The journalist who threw his shoes at former US President George W. Bush will face trial on February 19 for assaulting a visiting head of state, with a maximum 15-year prison term, a court official said.

Muntazer al-Zaidi's defence lawyers lost an appeal to have the charges against him reduced to a lesser offence of insulting Bush, rather than assaulting him.

"The Iraqi appeals court has rejected the appeal submitted by Muntader al-Zaidi's defence lawyer to change the charges, and decided to set February 19 as the date for trial," said Iraqi judiciary council spokesman Abdul-Sattar al-Birqdar.

Mr al-Zaidi has been held in jail in Baghdad since hurling both shoes Mr Bush at a December 14 news conference during the then-President's final visit to Iraq. Mr Bush ducked the flying shoes while the journalist called him a "dog". The act, captured on television, made Mr al-Zaidi a hero in much of the Arab world.
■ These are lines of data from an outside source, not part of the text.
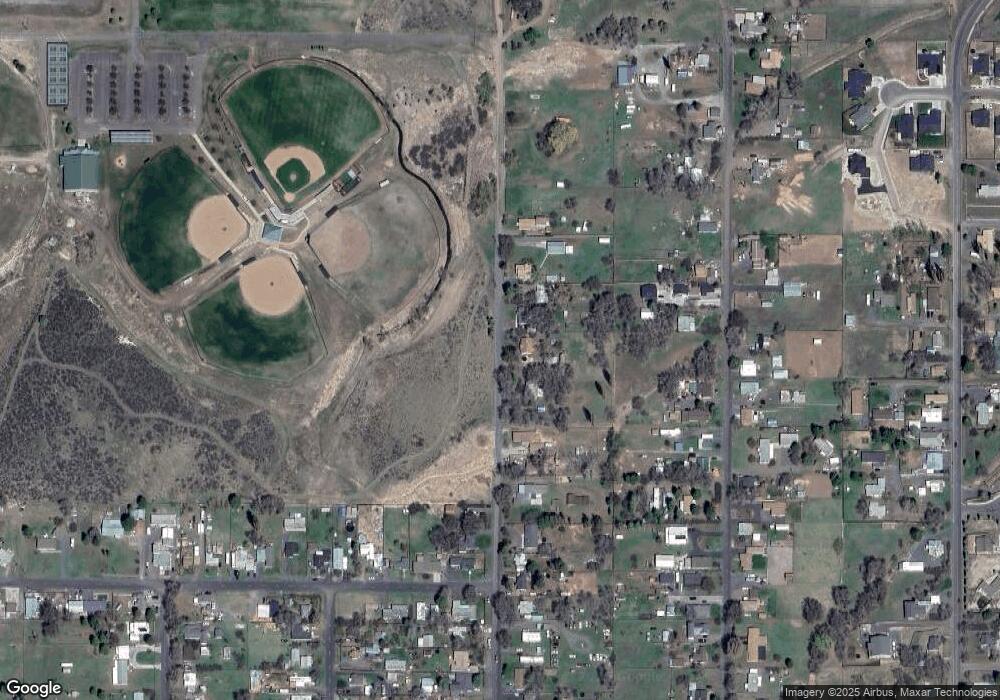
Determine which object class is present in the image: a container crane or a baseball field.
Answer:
baseball field
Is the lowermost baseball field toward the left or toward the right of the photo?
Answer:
left
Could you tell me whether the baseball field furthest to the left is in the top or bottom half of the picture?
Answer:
top
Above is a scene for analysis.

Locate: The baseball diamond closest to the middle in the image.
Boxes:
[308,183,439,322]
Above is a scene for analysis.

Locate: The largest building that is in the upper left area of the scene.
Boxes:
[61,149,99,191]
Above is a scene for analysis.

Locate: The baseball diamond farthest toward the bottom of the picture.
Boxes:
[184,253,326,383]
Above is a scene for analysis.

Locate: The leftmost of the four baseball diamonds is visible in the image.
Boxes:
[118,145,250,294]
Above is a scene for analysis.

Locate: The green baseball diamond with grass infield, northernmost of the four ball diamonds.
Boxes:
[220,58,389,213]
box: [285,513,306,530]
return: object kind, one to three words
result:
house
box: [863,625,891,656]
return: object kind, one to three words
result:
house
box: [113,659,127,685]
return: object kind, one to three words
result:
barn
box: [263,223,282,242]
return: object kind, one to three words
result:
building
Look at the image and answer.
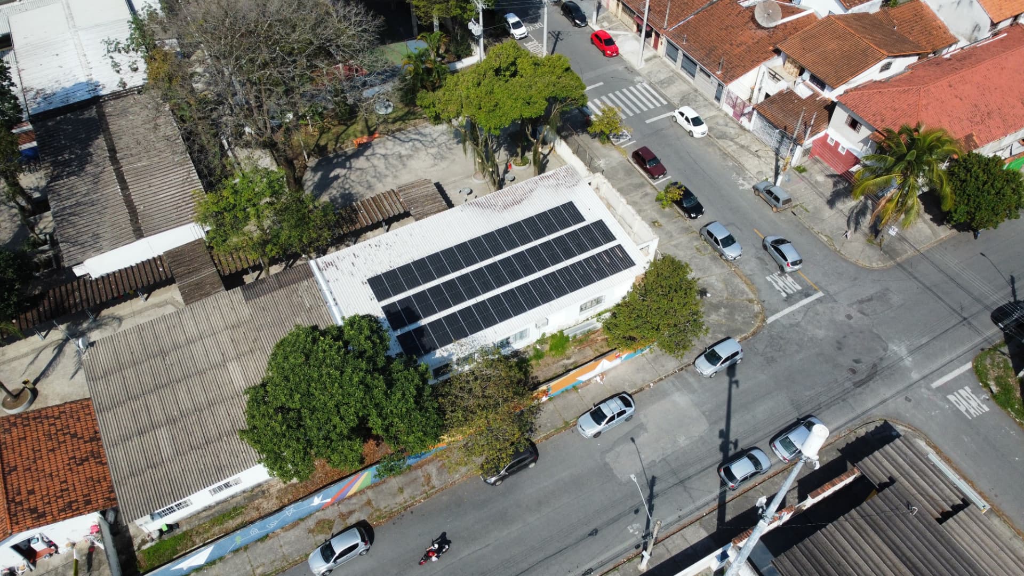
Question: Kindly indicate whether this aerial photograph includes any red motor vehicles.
Yes
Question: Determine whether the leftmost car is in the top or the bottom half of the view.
bottom
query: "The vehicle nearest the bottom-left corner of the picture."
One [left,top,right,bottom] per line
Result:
[307,523,377,576]
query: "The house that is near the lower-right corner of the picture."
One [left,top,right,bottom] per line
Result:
[771,427,1024,576]
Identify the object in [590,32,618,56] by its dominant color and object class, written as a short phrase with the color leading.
red car
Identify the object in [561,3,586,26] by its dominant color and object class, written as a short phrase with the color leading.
black car
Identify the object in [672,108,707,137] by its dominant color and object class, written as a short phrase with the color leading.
white car
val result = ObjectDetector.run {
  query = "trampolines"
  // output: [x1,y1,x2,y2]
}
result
[373,101,395,116]
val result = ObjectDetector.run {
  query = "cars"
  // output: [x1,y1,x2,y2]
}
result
[671,187,705,221]
[672,108,707,137]
[480,442,541,489]
[631,148,667,180]
[577,394,636,438]
[693,340,745,379]
[757,238,807,274]
[990,298,1024,334]
[561,3,586,26]
[502,12,529,38]
[590,32,618,56]
[307,523,377,576]
[709,453,771,496]
[750,182,795,214]
[770,420,809,461]
[572,96,595,118]
[699,225,741,261]
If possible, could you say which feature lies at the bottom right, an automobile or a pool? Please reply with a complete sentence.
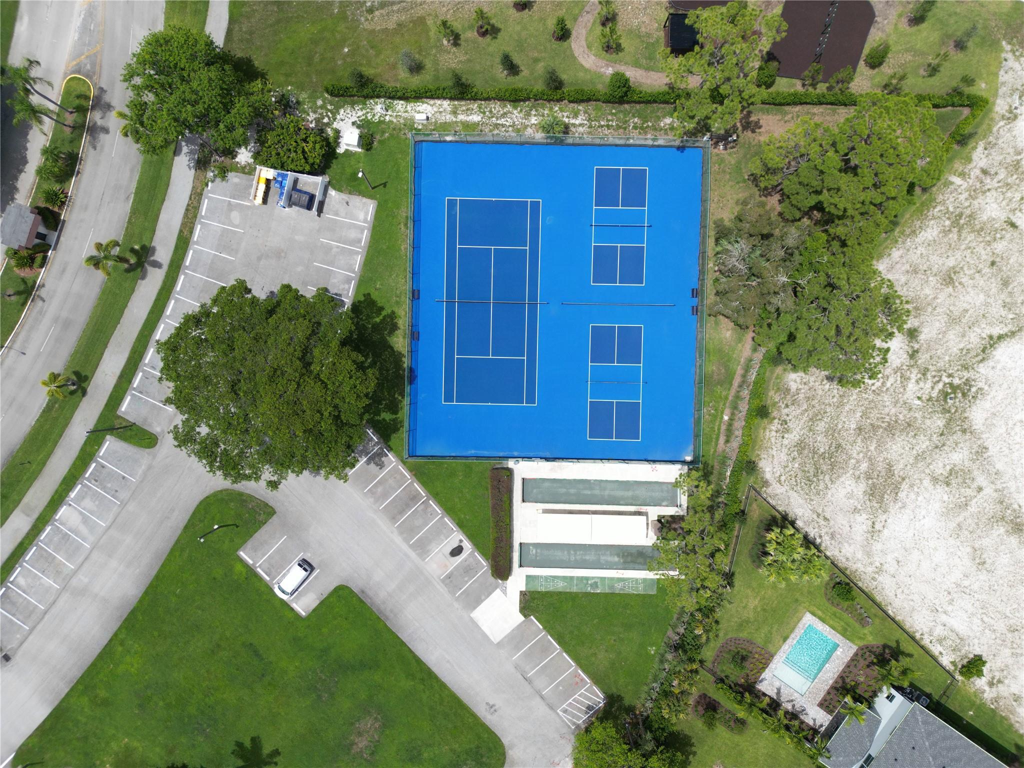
You can see a pool at the bottom right.
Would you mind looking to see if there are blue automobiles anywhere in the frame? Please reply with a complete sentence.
No, no blue automobile can be seen from above.
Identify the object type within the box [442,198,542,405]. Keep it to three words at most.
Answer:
tennis court
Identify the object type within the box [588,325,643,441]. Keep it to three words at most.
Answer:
sports court
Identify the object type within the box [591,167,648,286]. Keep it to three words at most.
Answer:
sports court
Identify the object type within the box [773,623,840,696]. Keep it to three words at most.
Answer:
swimming pool
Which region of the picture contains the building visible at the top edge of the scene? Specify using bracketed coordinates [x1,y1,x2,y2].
[663,14,702,60]
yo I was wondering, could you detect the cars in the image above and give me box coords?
[275,559,313,599]
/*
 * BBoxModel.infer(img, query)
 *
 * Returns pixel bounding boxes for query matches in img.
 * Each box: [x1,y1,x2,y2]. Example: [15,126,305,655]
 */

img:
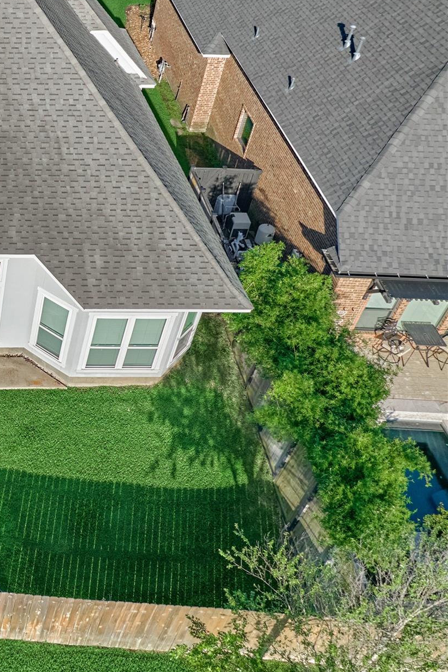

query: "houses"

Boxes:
[0,0,254,385]
[141,0,448,331]
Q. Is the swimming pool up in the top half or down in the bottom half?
bottom

In one tribute, an artist built a giant statue of a shoe, which was eventually dismantled, in ousted dictator Saddam Hussein's hometown Tikrit.

Iraqi law has a statute forbidding aggression against visiting leaders. Mr al-Zaidi's lawyers have argued that throwing a shoe could not be considered aggression because it could not cause actual harm, and was therefore only an insult.

Members of Mr al-Zaidi's family have complained that they believe he was beaten in custody. He was last seen in public being pummelled and wrestled out of the press conference in stocking feet.